Eko menunjukkan, pengembangan terakhir klungbot yang melodinya dapat dipadukan dengan nada bas. Dengan sebuah laptop, midi kibor, dan seperangkat angklung yang terdiri atas delapan angklung, jadilah alat konser musik yang lengkap.
Kami tentu juga mampir ke Saung Angklung Udjo. Salah satu anak mendiang Udjo Ngalagena, Taufik Hidayat Udjo, menemui kami. Dia menceritakan awal kisah Saung Angklung Udjo yang lahir dari kecintaan ayahnya pada angklung.

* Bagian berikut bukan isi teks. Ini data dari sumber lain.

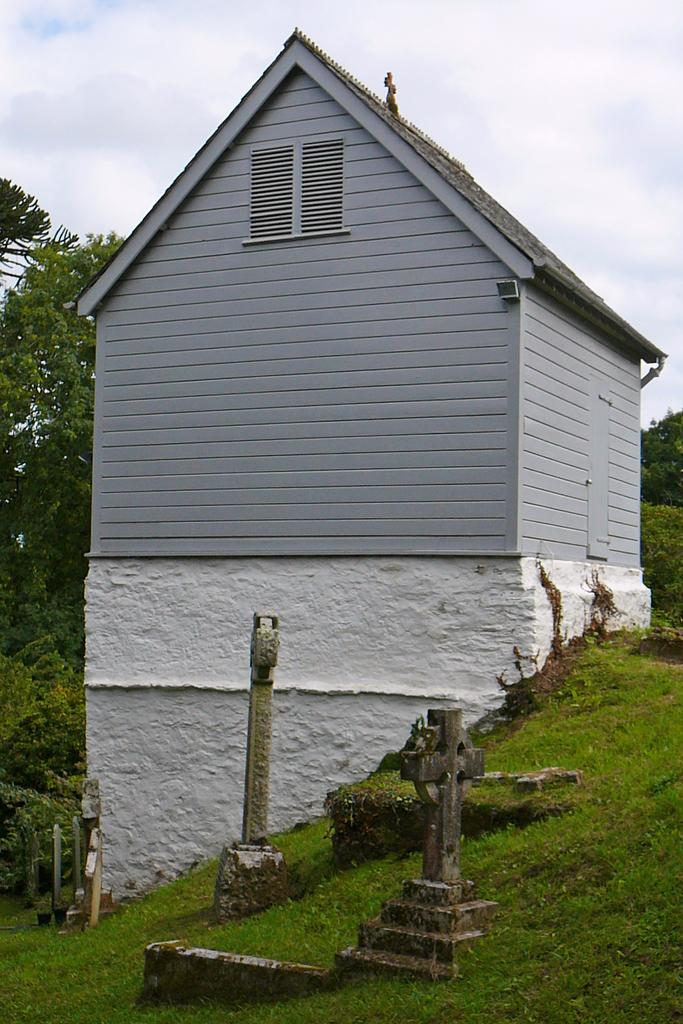What type of structure can be seen in the image? There is a shed in the image. What type of vegetation is present in the image? There is grass in the image. What other natural elements can be seen in the image? There are trees in the image. What else can be found in the image besides the shed and vegetation? There are objects in the image. What is visible in the background of the image? The sky is visible in the background of the image. Can you describe the sky in the image? Clouds are present in the sky. How does the shed breathe in the image? Sheds do not breathe, as they are inanimate objects. 
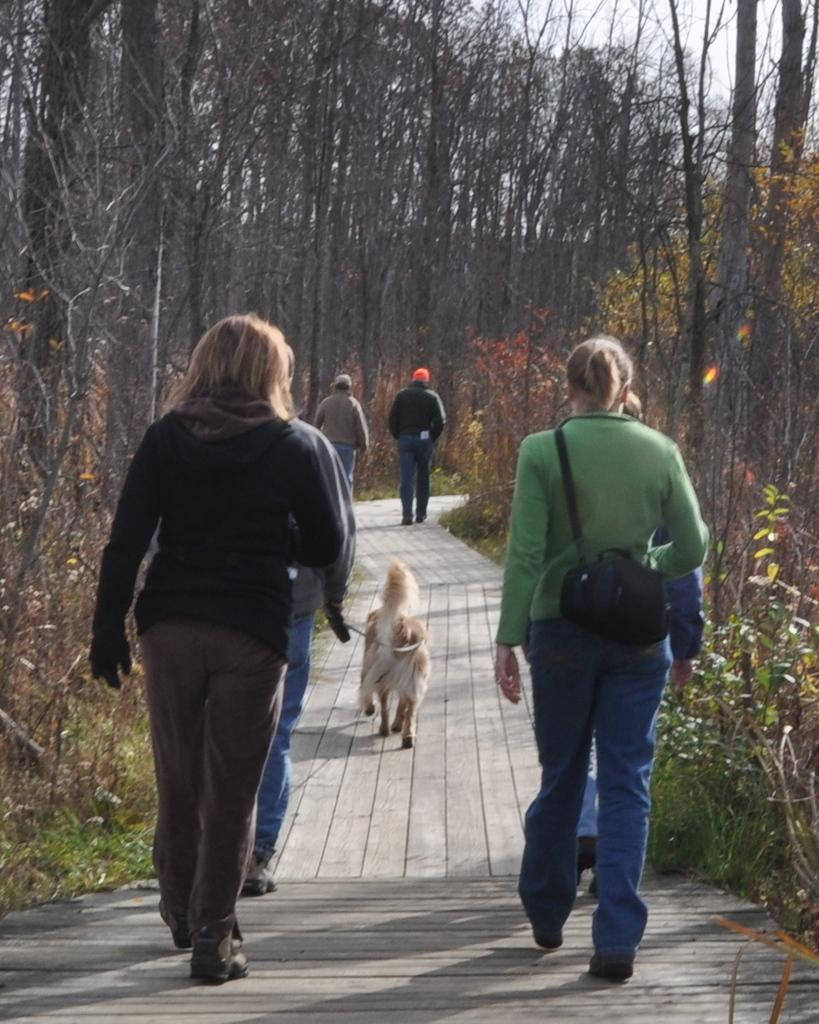What can be seen in the image that people walk on? There is a path in the image that people walk on. Can you describe the people on the path? There are people on the path in the image. What type of animal is present in the image? There is a dog in the image, which is white and cream in color. What other natural elements can be seen in the image? There are plants and trees in the image. What is visible above the path and trees? The sky is visible in the image. Can you read the writing on the dog's collar in the image? There is no writing on the dog's collar in the image, as it is not mentioned in the provided facts. 
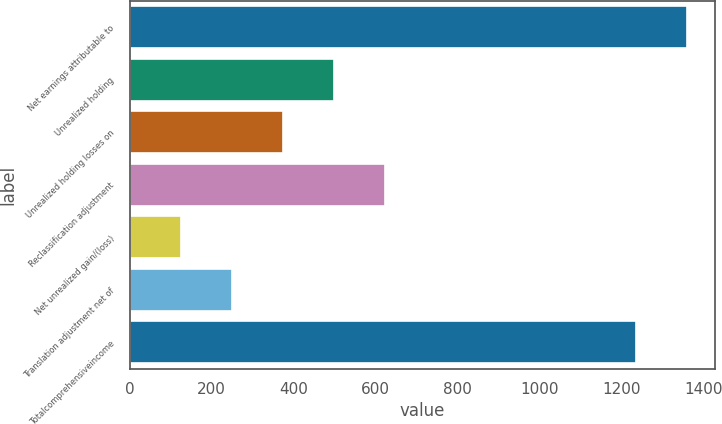Convert chart to OTSL. <chart><loc_0><loc_0><loc_500><loc_500><bar_chart><fcel>Net earnings attributable to<fcel>Unrealized holding<fcel>Unrealized holding losses on<fcel>Reclassification adjustment<fcel>Net unrealized gain/(loss)<fcel>Translation adjustment net of<fcel>Totalcomprehensiveincome<nl><fcel>1359.33<fcel>498.52<fcel>373.99<fcel>623.05<fcel>124.93<fcel>249.46<fcel>1234.8<nl></chart> 
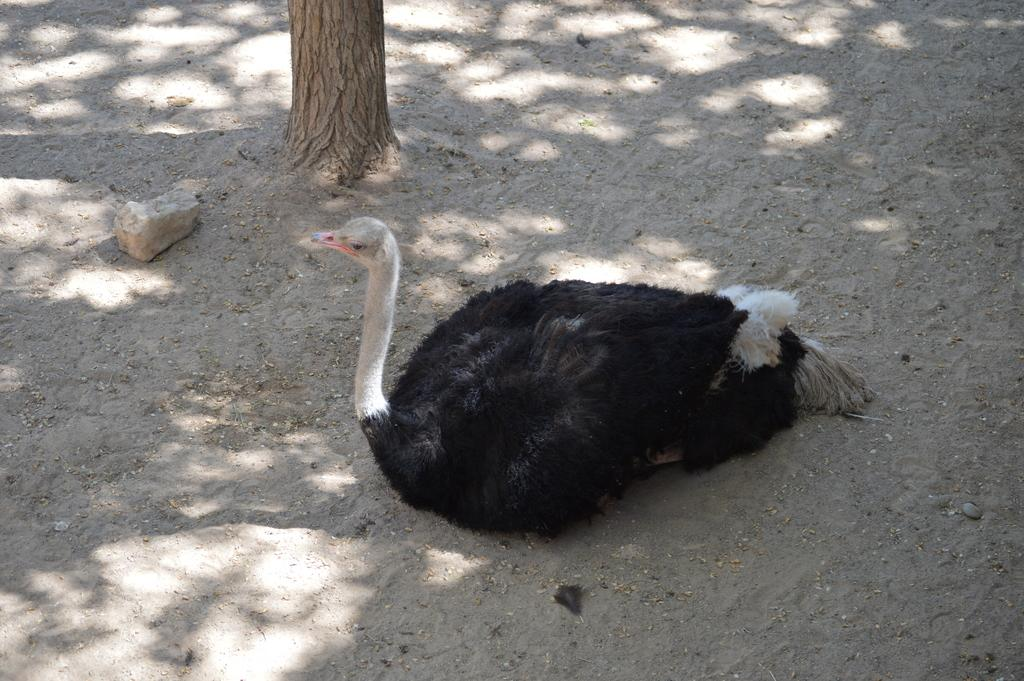What animal is the main subject of the image? There is an ostrich in the image. What is the ostrich doing in the image? The ostrich is sitting on the ground. What other objects can be seen in the image? There is a rock and a tree trunk in the image. What type of prose is the ostrich reading in the image? There is no prose or reading material present in the image; it features an ostrich sitting on the ground, a rock, and a tree trunk.

Udjo mengajarkan angklung kepada 10 anaknya. Jadilah, keluarga itu seperti layaknya orang bermain konser angklung dan lambat laun tumbuh menjadi industri pariwisata seperti sekarang.
Menurut Taufik, ada banyak makna filosofis yang terkandung di dalam angklung. Ketika memainkan angklung, ada pesan kehidupan harmoni, pesan persatuan, dan pesan perdamaian.
Meliput di Kasepuhan Ciptagelar
Perjalanan tim kedua ke Kasepuhan Ciptagelar berlangsung pada 6-9 September 2018.
Dari Jakarta, kami sengaja memilih mobil double cabin 4 x 4 agar perjalanan ke Ciptagelar di kawasan Taman Nasional Gunung Halimun di ketinggian lebih kurang 1.200 meter di atas permukaan laut tidak mudah karena medan yang berat.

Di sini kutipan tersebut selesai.